- **The problem**: Only one span of the listing below should come back. It runs from the line with "list van de" through the line with "list afvalstoffen die", and each of its lines must be reproduced exactly.

━━━━━━━━━━

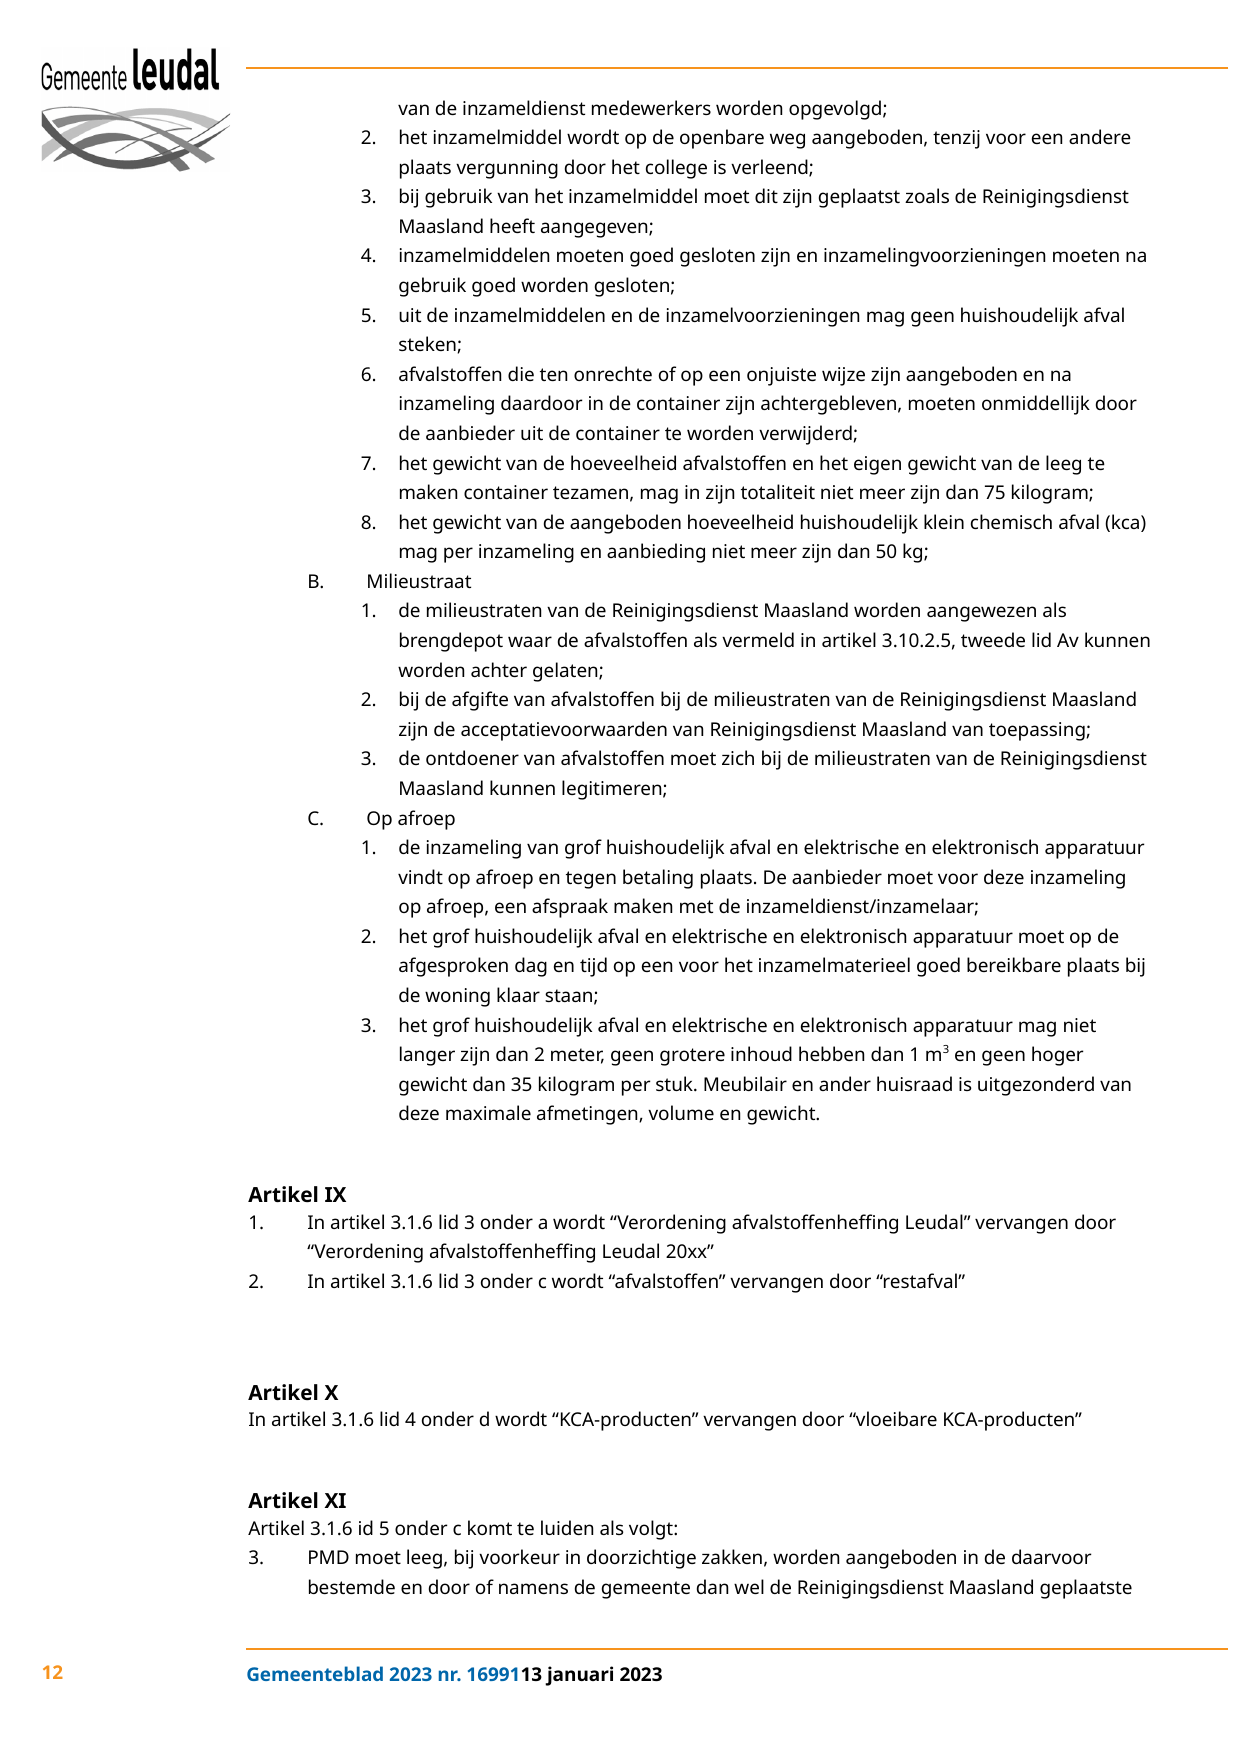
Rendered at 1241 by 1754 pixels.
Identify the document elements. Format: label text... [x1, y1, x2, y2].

list het gewicht van de hoeveelheid afvalstoffen en het eigen gewicht van de leeg te maken container tezamen, mag in zijn totaliteit niet meer zijn dan 75 kilogram; [361, 450, 1152, 505]
list het inzamelmiddel wordt op de openbare weg aangeboden, tenzij voor een andere plaats vergunning door het college is verleend; [361, 124, 1152, 180]
text Artikel IX [248, 1181, 1152, 1209]
list Milieustraat [307, 568, 1152, 594]
text In artikel 3.1.6 lid 4 onder d wordt “KCA-producten” vervangen door “vloeibare KCA-producten” [248, 1406, 1152, 1432]
list de inzameling van grof huishoudelijk afval en elektrische en elektronisch apparatuur vindt op afroep en tegen betaling plaats. De aanbieder moet voor deze inzameling op afroep, een afspraak maken met de inzameldienst/inzamelaar; [361, 834, 1152, 919]
list het gewicht van de aangeboden hoeveelheid huishoudelijk klein chemisch afval (kca) mag per inzameling en aanbieding niet meer zijn dan 50 kg; [361, 509, 1152, 564]
list de ontdoener van afvalstoffen moet zich bij de milieustraten van de Reinigingsdienst Maasland kunnen legitimeren; [361, 746, 1152, 801]
list uit de inzamelmiddelen en de inzamelvoorzieningen mag geen huishoudelijk afval steken; [361, 302, 1152, 357]
list het grof huishoudelijk afval en elektrische en elektronisch apparatuur mag niet langer zijn dan 2 meter, geen grotere inhoud hebben dan 1 m3 en geen hoger gewicht dan 35 kilogram per stuk. Meubilair en ander huisraad is uitgezonderd van deze maximale afmetingen, volume en gewicht. [361, 1012, 1152, 1126]
list van de inzameldienst medewerkers worden opgevolgd; [361, 95, 1152, 121]
list PMD moet leeg, bij voorkeur in doorzichtige zakken, worden aangeboden in de daarvoor bestemde en door of namens de gemeente dan wel de Reinigingsdienst Maasland geplaatste [248, 1544, 1152, 1599]
list In artikel 3.1.6 lid 3 onder c wordt “afvalstoffen” vervangen door “restafval” [248, 1268, 1152, 1294]
list afvalstoffen die ten onrechte of op een onjuiste wijze zijn aangeboden en na inzameling daardoor in de container zijn achtergebleven, moeten onmiddellijk door de aanbieder uit de container te worden verwijderd; [361, 361, 1152, 446]
list bij de afgifte van afvalstoffen bij de milieustraten van de Reinigingsdienst Maasland zijn de acceptatievoorwaarden van Reinigingsdienst Maasland van toepassing; [361, 686, 1152, 742]
list In artikel 3.1.6 lid 3 onder a wordt “Verordening afvalstoffenheffing Leudal” vervangen door “Verordening afvalstoffenheffing Leudal 20xx” [248, 1209, 1152, 1264]
list het grof huishoudelijk afval en elektrische en elektronisch apparatuur moet op de afgesproken dag en tijd op een voor het inzamelmaterieel goed bereikbare plaats bij de woning klaar staan; [361, 923, 1152, 1008]
text Artikel 3.1.6 id 5 onder c komt te luiden als volgt: [248, 1515, 1152, 1540]
list Op afroep [307, 805, 1152, 831]
list bij gebruik van het inzamelmiddel moet dit zijn geplaatst zoals de Reinigingsdienst Maasland heeft aangegeven; [361, 183, 1152, 239]
text Artikel X [248, 1378, 1152, 1406]
list de milieustraten van de Reinigingsdienst Maasland worden aangewezen als brengdepot waar de afvalstoffen als vermeld in artikel 3.10.2.5, tweede lid Av kunnen worden achter gelaten; [361, 598, 1152, 683]
text Artikel XI [248, 1486, 1152, 1515]
picture [41, 47, 231, 172]
list inzamelmiddelen moeten goed gesloten zijn en inzamelingvoorzieningen moeten na gebruik goed worden gesloten; [361, 243, 1152, 298]
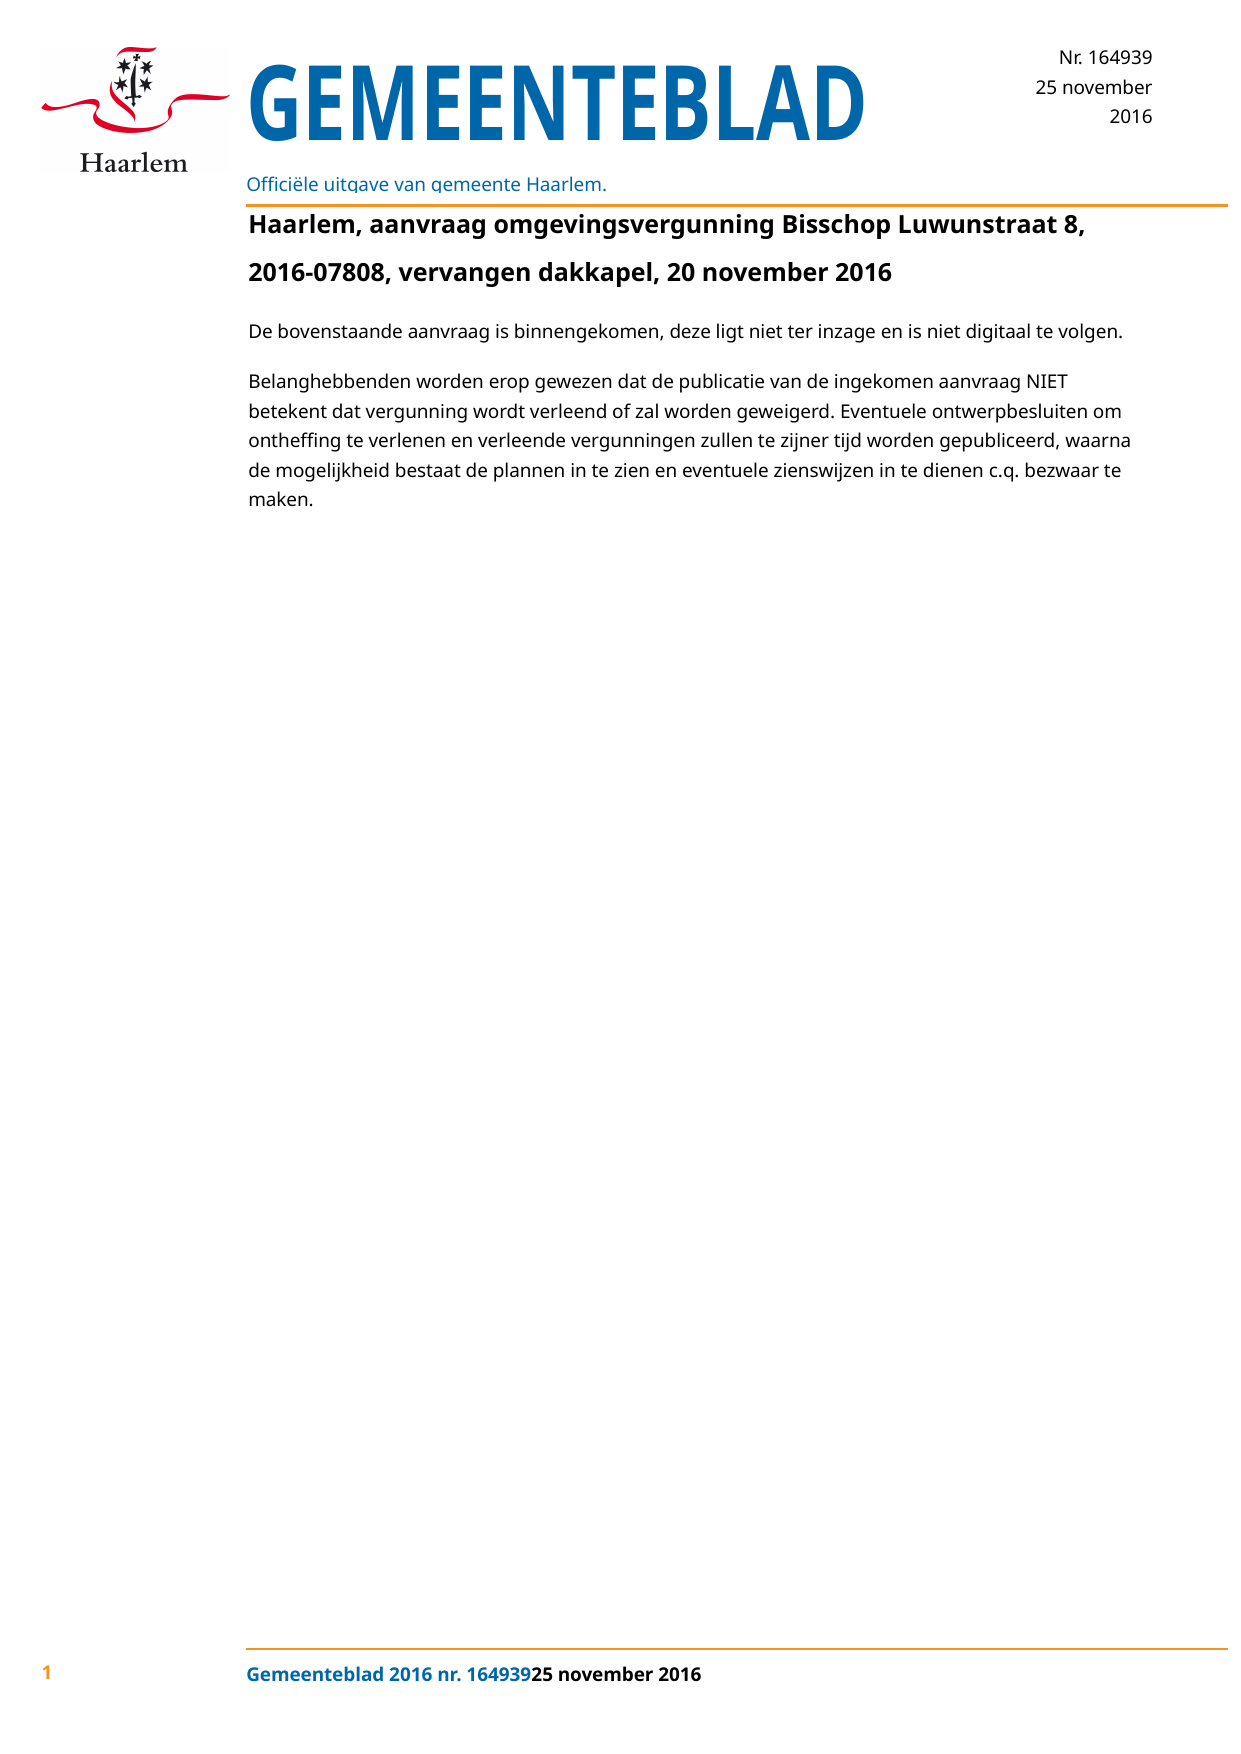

━━━━━━━━━━

- **Exercise result**:
list van de inzameldienst medewerkers worden opgevolgd; [361, 95, 1152, 121]
list PMD moet leeg, bij voorkeur in doorzichtige zakken, worden aangeboden in de daarvoor bestemde en door of namens de gemeente dan wel de Reinigingsdienst Maasland geplaatste [248, 1544, 1152, 1599]
list In artikel 3.1.6 lid 3 onder c wordt “afvalstoffen” vervangen door “restafval” [248, 1268, 1152, 1294]
list afvalstoffen die ten onrechte of op een onjuiste wijze zijn aangeboden en na inzameling daardoor in de container zijn achtergebleven, moeten onmiddellijk door de aanbieder uit de container te worden verwijderd; [361, 361, 1152, 446]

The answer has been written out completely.